YOUR ASSIGNMENT: Could you transcribe every entry below exactly, leaving out the pictures?

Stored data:
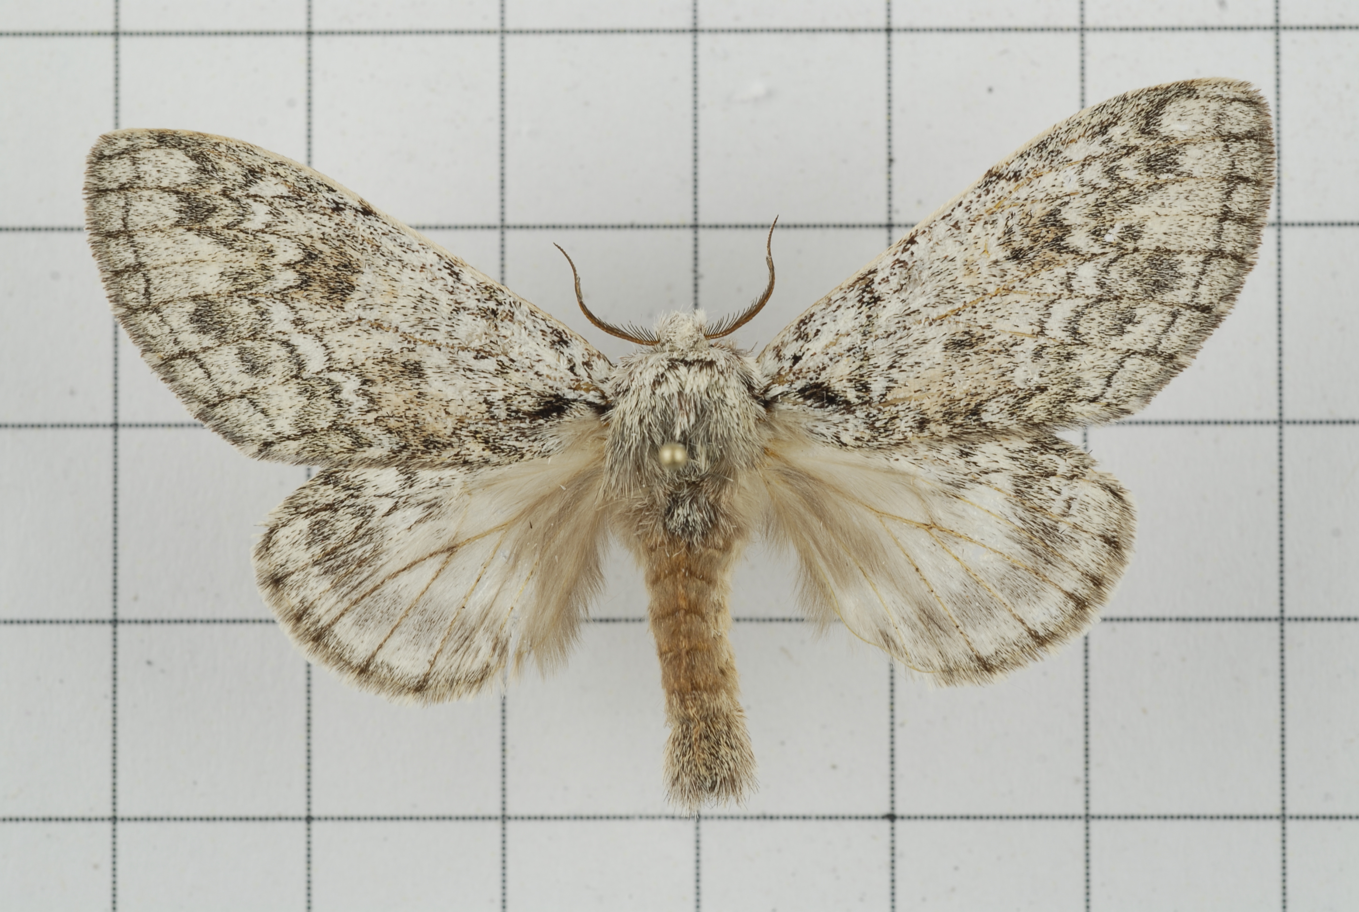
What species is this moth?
Syntypistis perdix perdix
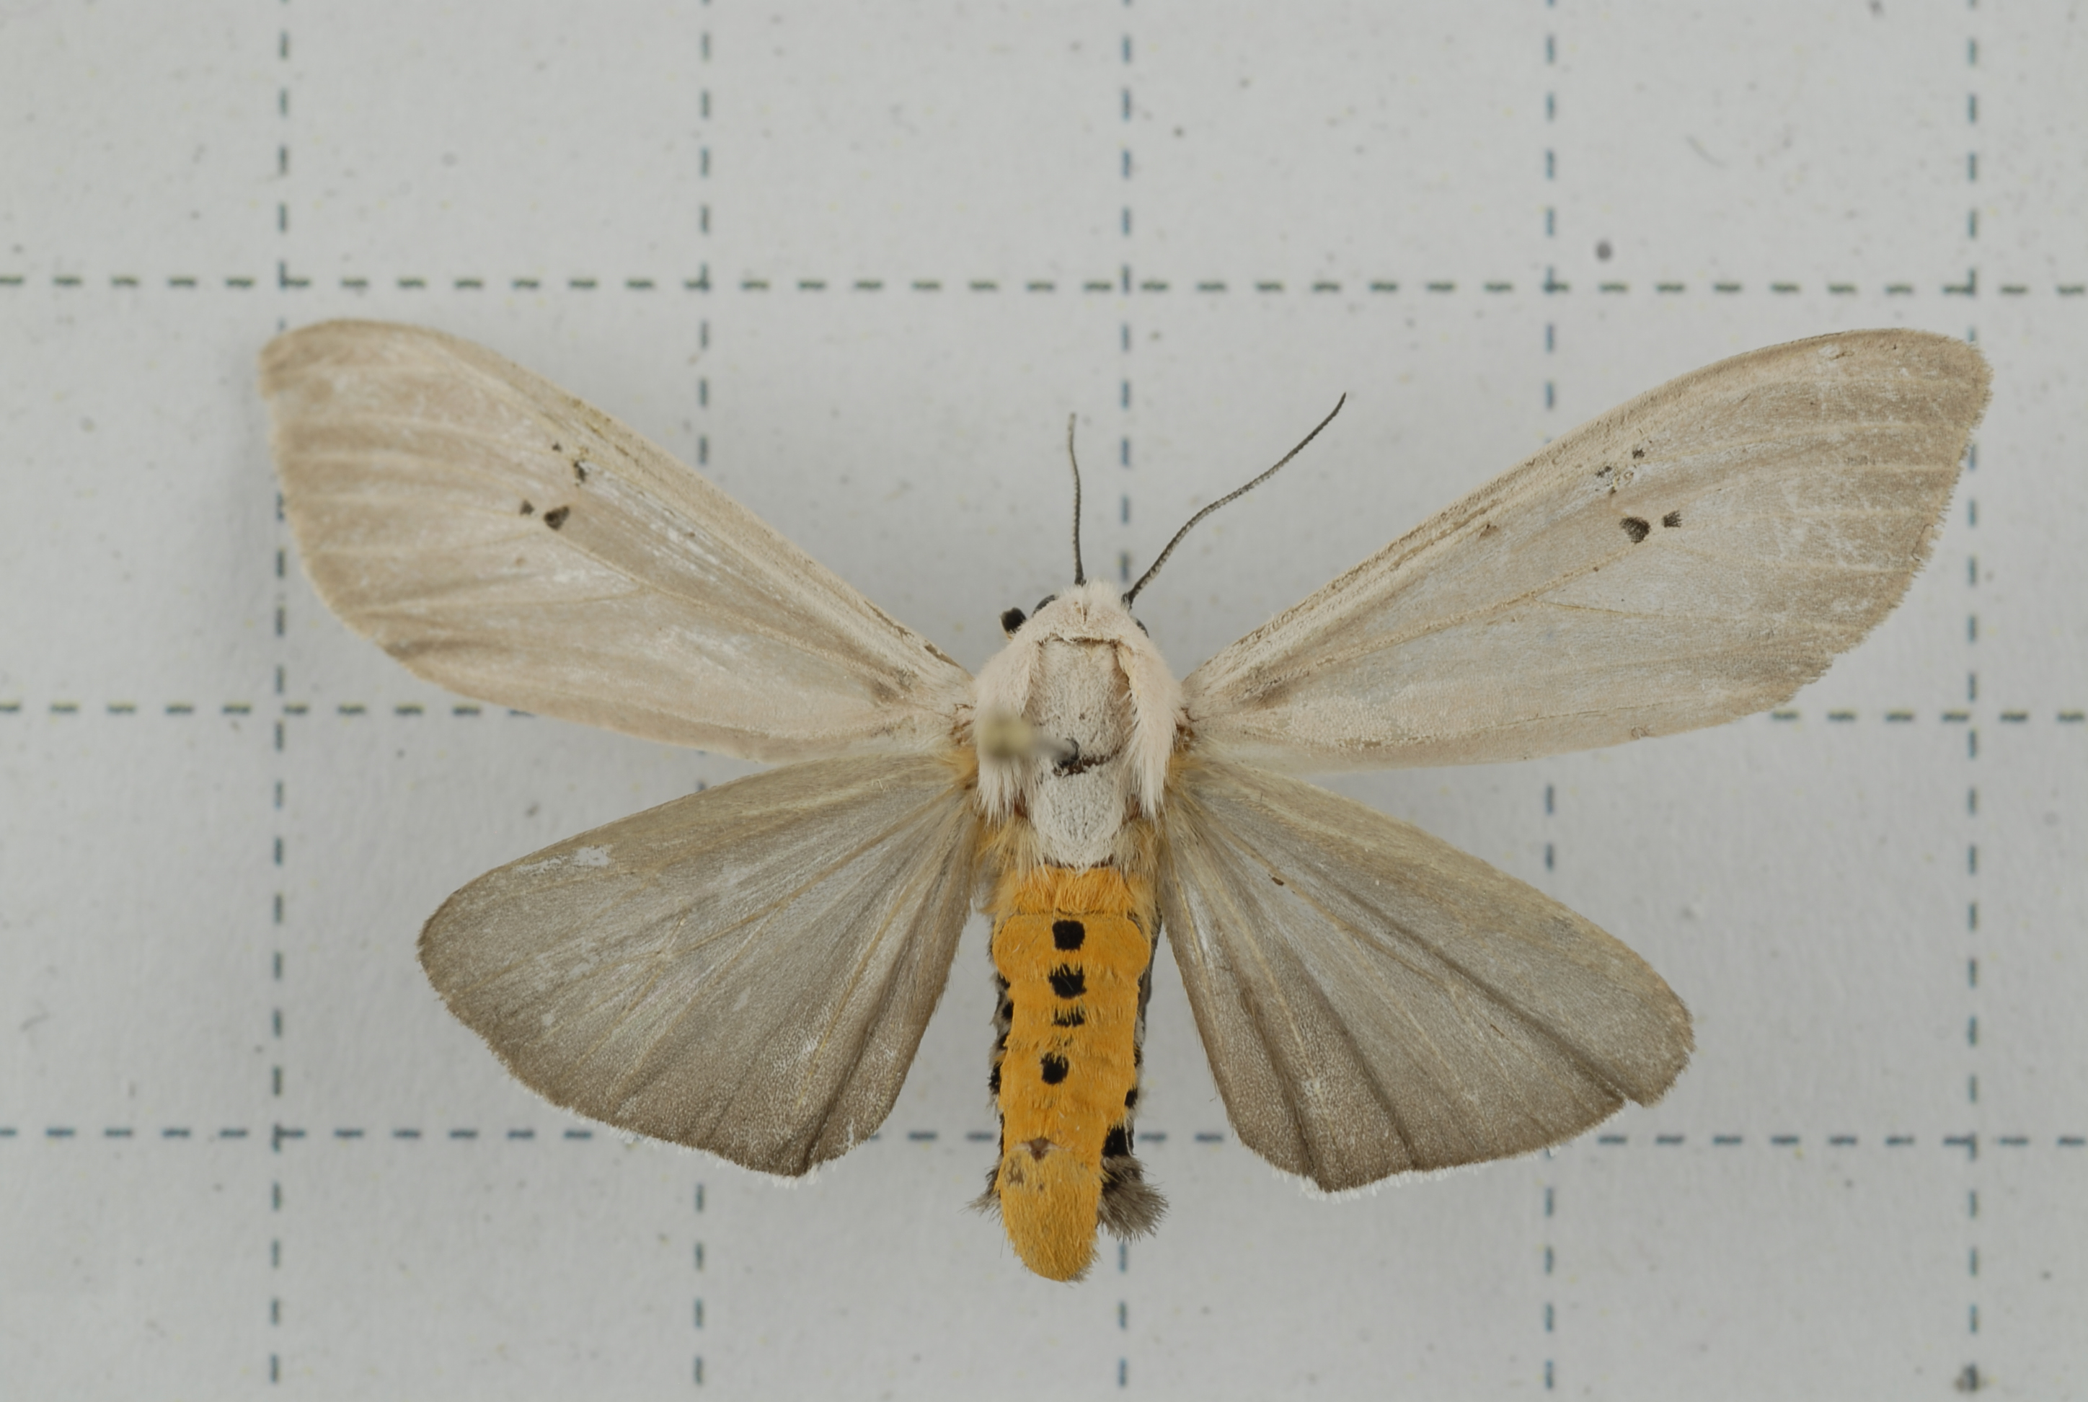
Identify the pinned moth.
Creatonotos transiens koni
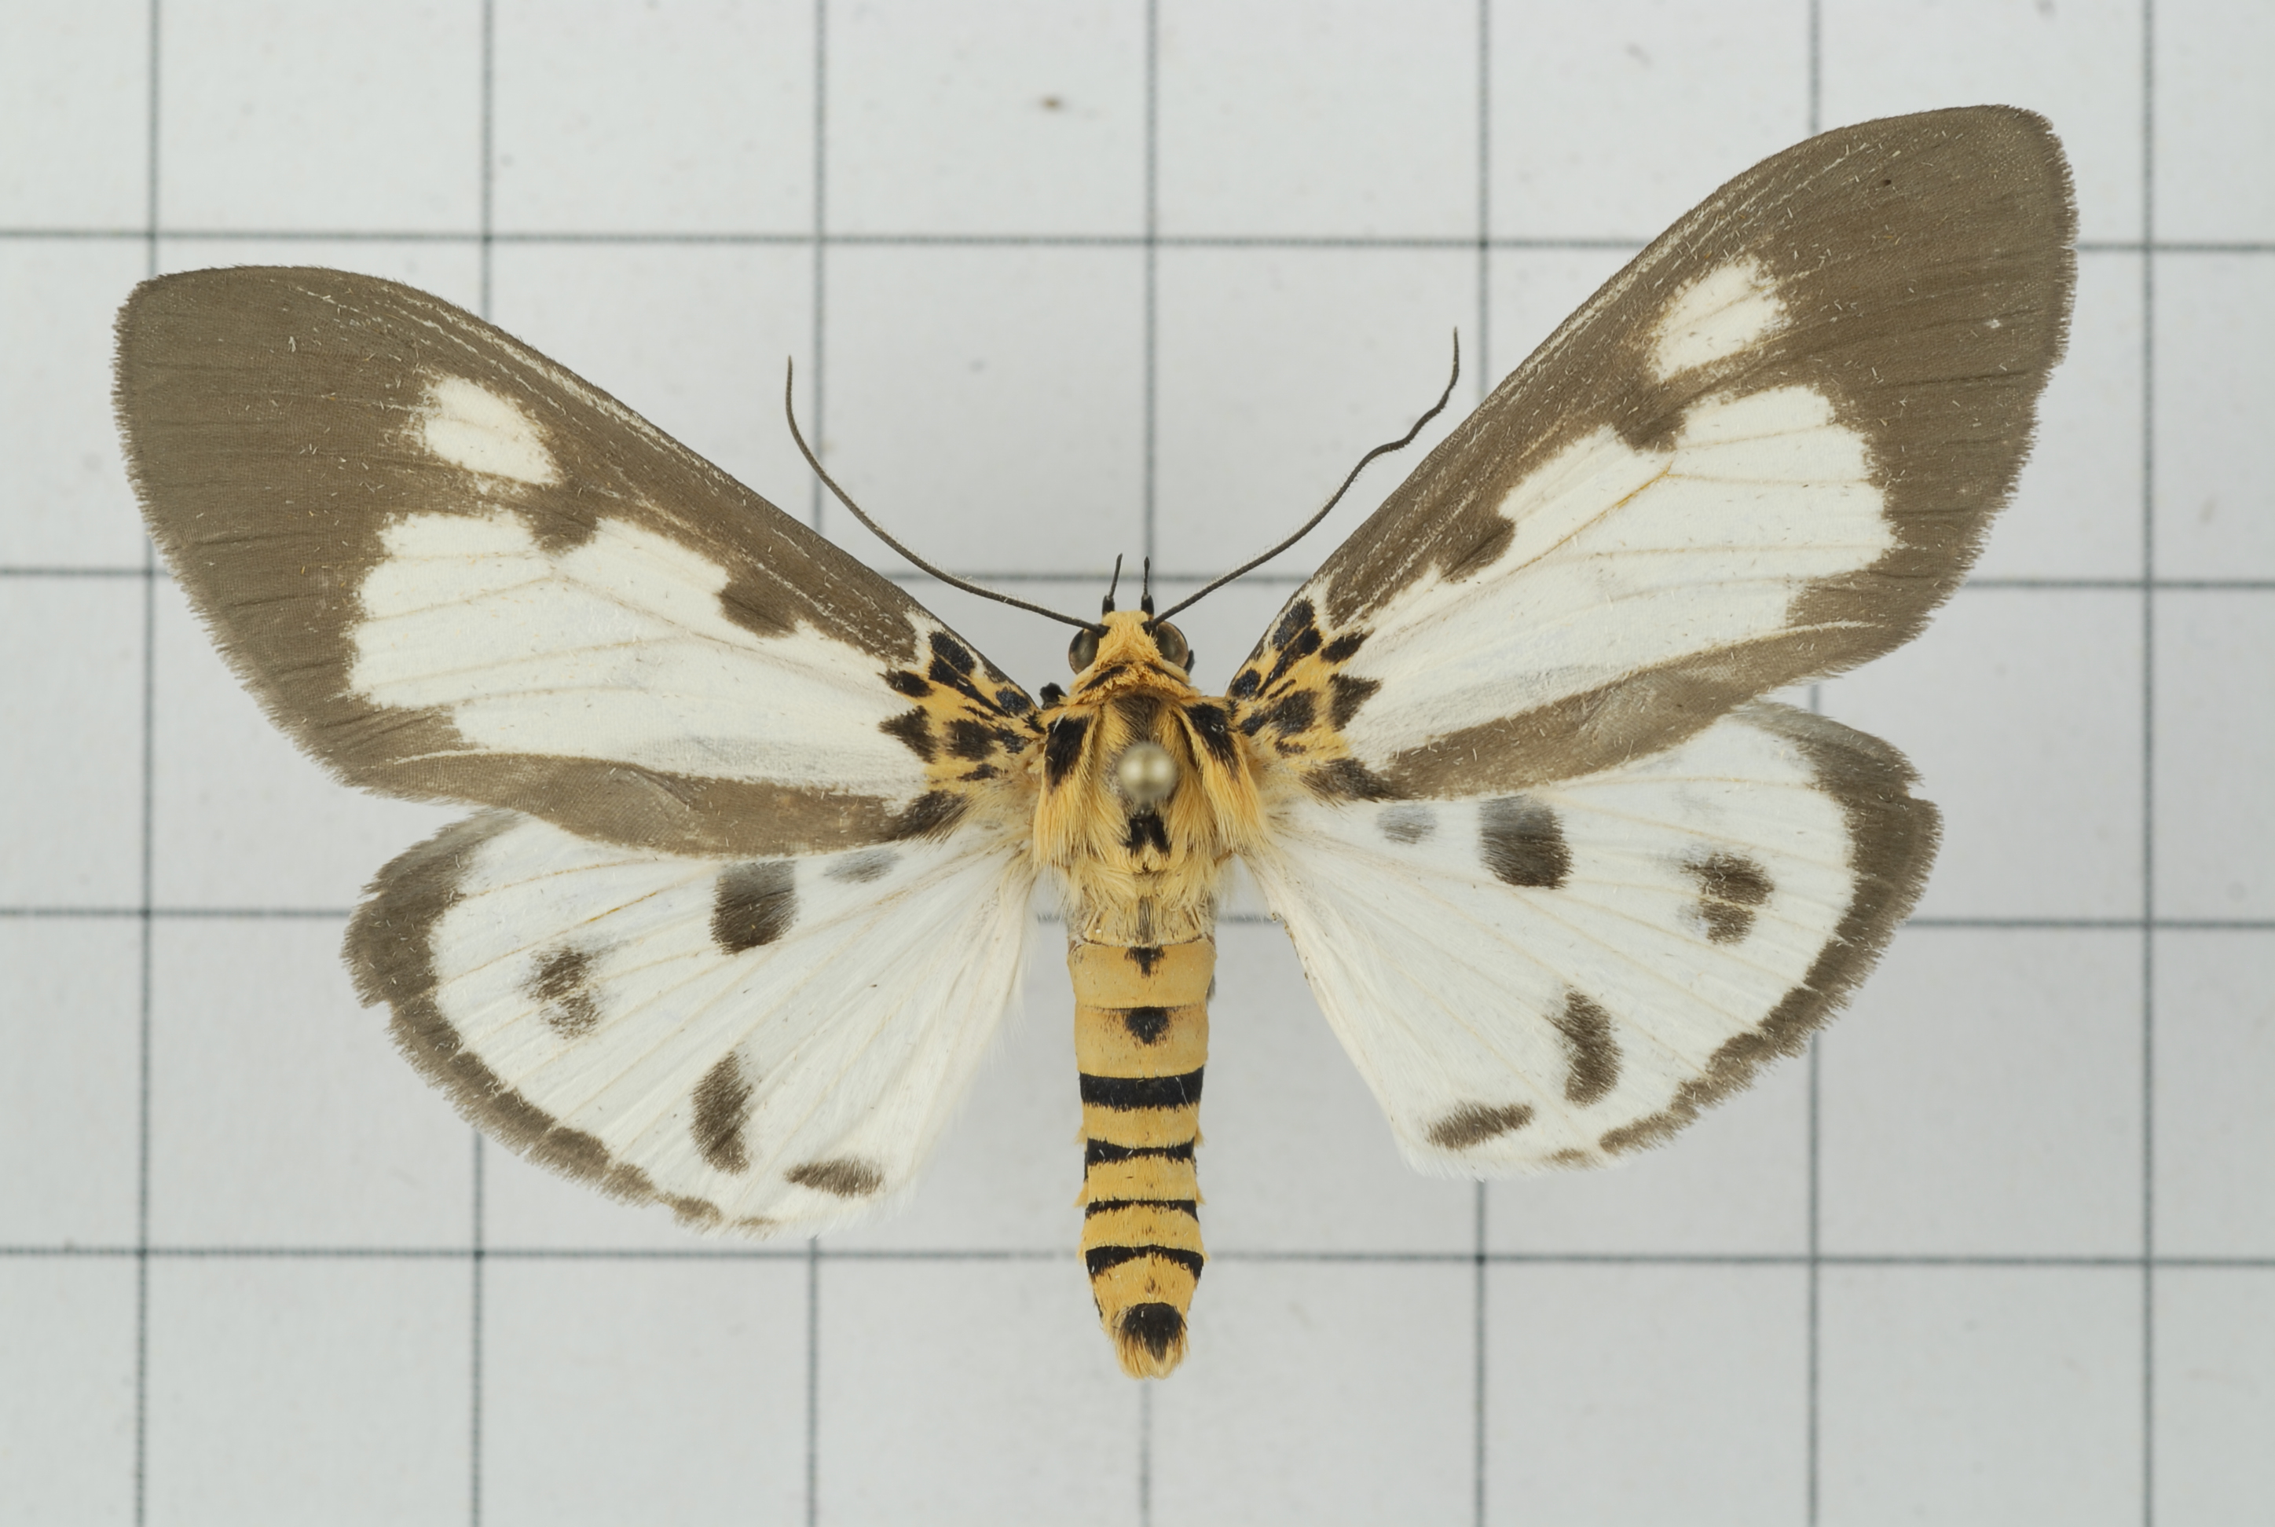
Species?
Asota plana lacteata

YOUR RESPONSE:
What species is this moth?
Syntypistis perdix perdix
Identify the pinned moth.
Creatonotos transiens koni
Species?
Asota plana lacteata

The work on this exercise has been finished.